I’m a VM and have been in the role for 5 months. The VM I trained under worked 8-4:30 M-F. I  LOVED it bc it lined up perfectly with my baby’s schedule.  At my store, All of the TLs/ETLs/SD get every other weekend off. I have been working this rotation too, and have been scheduled all different hours during the week. From the beginning I have told SD that I would really like to keep the 8-4:30, M-F schedule that I got in training, but she said she needs me to help cover softlines, so I will have to work some later shifts and weekends.  I don’t mind doing a closing shift once a week, but my duties are best performed in the early hours of the day when the store traffic is slow.  And I hate having inconsistent starting times each day when leaving baby with the grandparents. Any advice on how to get to my ideal scheduling?? Other VMs: what does your schedule look like?


----------



## Yetive (Aug 9, 2020)

Our VM works rotating weekends and variable start times.  No nights though.


----------



## SigningLady (Aug 9, 2020)

I think you are likely SOL on this. My VM also works variable start times (though usually it is mids) and every other weekend. I've always hated that kind of schedule and it's one of the reasons I would not pursue the VM role while my children are young.

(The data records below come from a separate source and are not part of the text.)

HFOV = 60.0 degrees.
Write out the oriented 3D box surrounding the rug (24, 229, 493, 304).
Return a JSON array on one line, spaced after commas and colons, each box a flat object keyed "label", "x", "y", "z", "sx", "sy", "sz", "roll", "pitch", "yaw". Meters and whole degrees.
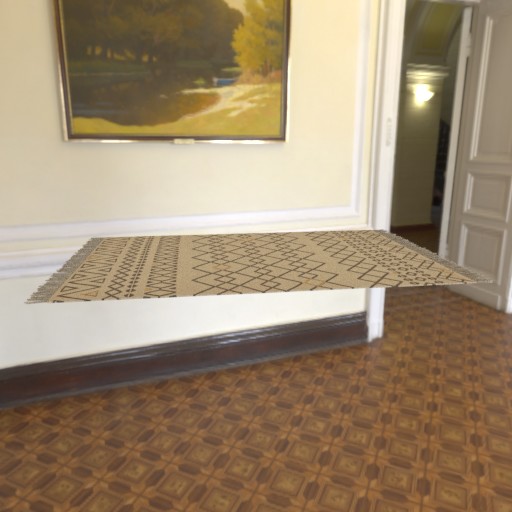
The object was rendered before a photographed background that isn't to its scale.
[{"label": "rug", "x": 0.000, "y": 0.000, "z": 2.997, "sx": 2.472, "sy": 0.035, "sz": 1.495, "roll": -2, "pitch": 15, "yaw": -8}]
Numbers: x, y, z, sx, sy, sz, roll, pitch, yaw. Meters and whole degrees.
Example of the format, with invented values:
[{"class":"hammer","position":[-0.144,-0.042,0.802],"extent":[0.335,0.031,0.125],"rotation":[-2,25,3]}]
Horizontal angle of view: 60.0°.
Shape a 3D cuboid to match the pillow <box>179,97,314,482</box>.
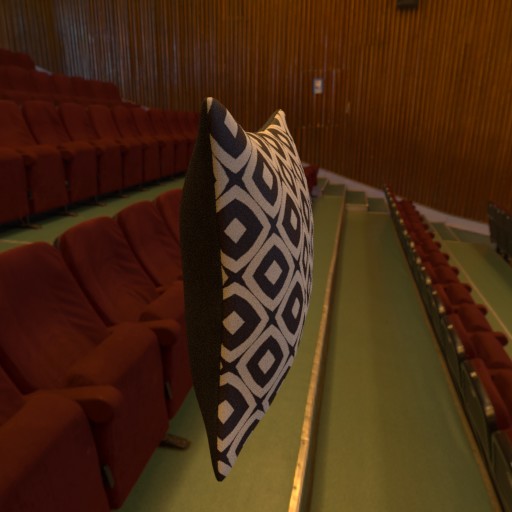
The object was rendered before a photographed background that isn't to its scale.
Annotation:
[{"class":"pillow","position":[0.000,0.000,0.764],"extent":[0.188,0.494,0.504],"rotation":[3,17,11]}]
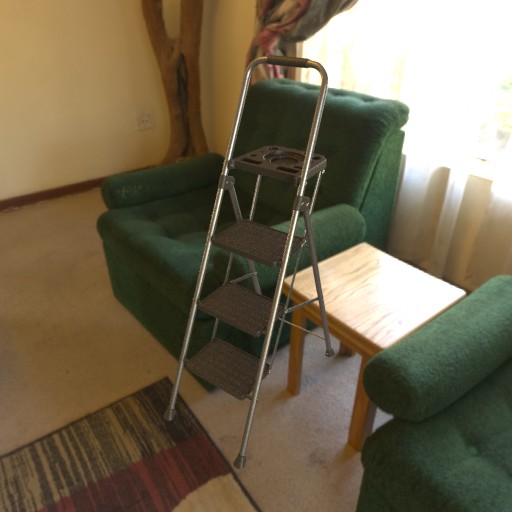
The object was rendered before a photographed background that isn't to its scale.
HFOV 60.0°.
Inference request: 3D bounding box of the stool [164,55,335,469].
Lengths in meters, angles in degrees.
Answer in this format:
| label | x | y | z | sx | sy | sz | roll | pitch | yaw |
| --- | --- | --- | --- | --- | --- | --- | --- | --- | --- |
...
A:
| label | x | y | z | sx | sy | sz | roll | pitch | yaw |
| --- | --- | --- | --- | --- | --- | --- | --- | --- | --- |
| stool | 0.000 | 0.000 | 1.587 | 0.396 | 1.277 | 0.733 | 20 | 37 | 30 |
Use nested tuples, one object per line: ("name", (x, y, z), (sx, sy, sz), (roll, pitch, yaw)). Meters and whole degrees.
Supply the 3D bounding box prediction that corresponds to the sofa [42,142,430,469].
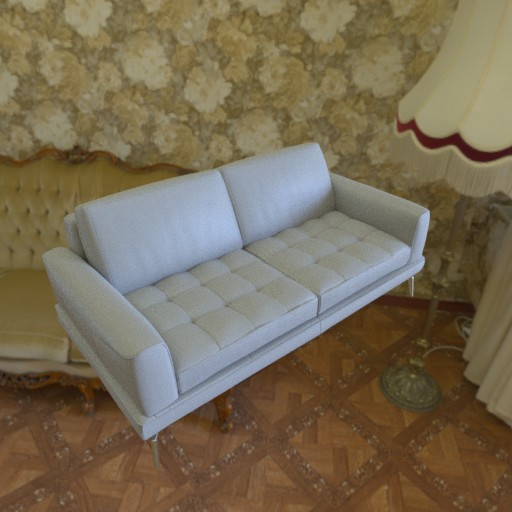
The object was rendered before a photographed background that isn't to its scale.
("sofa", (0.000, 0.000, 2.699), (2.177, 0.930, 1.121), (-23, 38, -33))
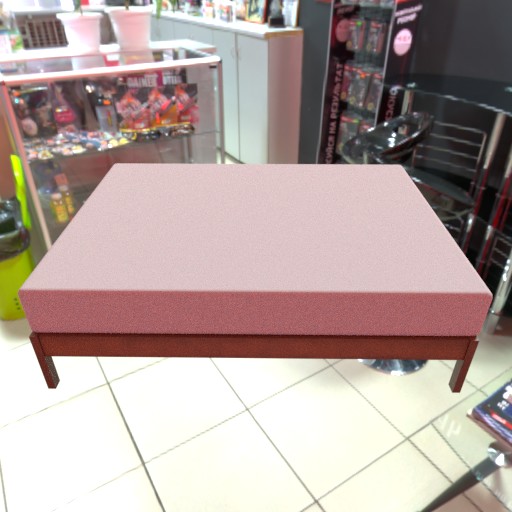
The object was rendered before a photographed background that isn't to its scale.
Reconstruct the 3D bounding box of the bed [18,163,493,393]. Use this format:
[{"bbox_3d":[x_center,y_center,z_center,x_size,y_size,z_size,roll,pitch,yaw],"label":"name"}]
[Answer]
[{"bbox_3d":[0.000,0.000,2.666,2.050,0.593,1.529,0,33,1],"label":"bed"}]
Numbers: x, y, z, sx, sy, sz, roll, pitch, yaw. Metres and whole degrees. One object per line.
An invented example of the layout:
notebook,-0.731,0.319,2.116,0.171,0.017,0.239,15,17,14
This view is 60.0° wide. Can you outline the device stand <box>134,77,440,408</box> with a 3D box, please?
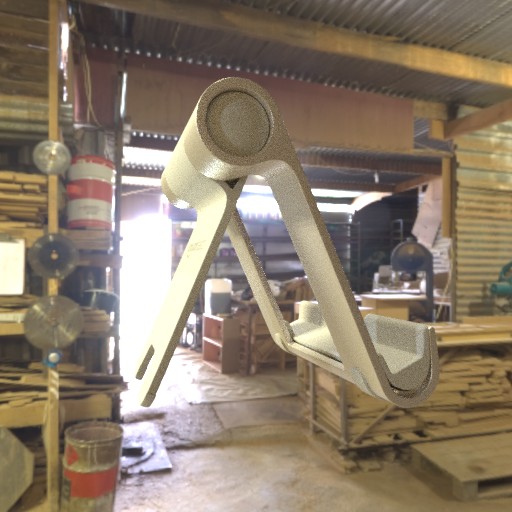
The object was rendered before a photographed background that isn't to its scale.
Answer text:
device stand,0.000,0.000,0.151,0.079,0.084,0.086,0,-1,-17
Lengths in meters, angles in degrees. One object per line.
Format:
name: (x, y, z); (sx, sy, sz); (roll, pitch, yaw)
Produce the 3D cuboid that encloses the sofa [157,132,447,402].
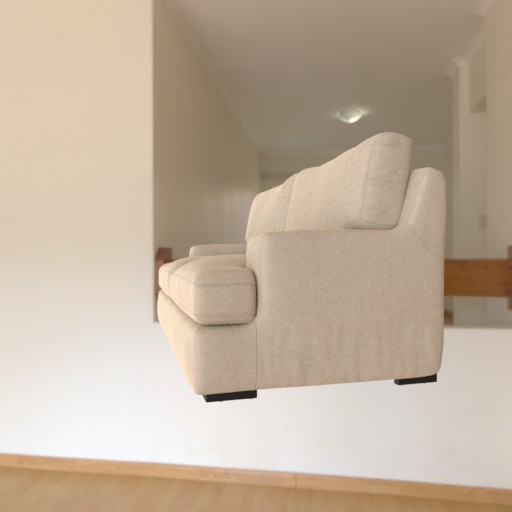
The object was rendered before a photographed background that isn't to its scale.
sofa: (0.000, 0.000, 2.414); (0.962, 0.967, 1.885); (0, 0, -16)

I wonder how the VM you trained with was able to get such an ideal schedule. 🤔 To give yourself a bit more control over your schedule, change your availability to be available to close on a specific night every week. When I was in a lead position (not at Target) I did this as well as setting a specific time that was the latest I would work (usually 4:30) but left my start time very early everyday. It cut down on chaotic scheduling significantly.


----------



## Rednoodles (Aug 10, 2020)

Hi! I’m currently the VM at my store! I work M-F 7:30 - 4PM and later depending on workload. My SD and ETL was very understanding that VM work should be done in the morning when there is less foot traffic. I sometimes do overnights as well if there is a big set, like recently the hearth and hand reset.


----------



## JAShands (Aug 11, 2020)

Our VM works 10-6 most days, with a weekend rotation on opposite weekends of the Specialty Sales TL. They prefer working mids so they can see everyone working in Style for the day to give them direction and guidance. But we also have all of the old hand me down fixtures and absolutely nothing new. We have no runways or movable walls or special lighting. But it’s cool, the store down the road is getting their third remodel in the last 5 years and they’re recycling their fixtures from a few years ago. Corporate 🤷‍♀️ What’re ya gonna do?


----------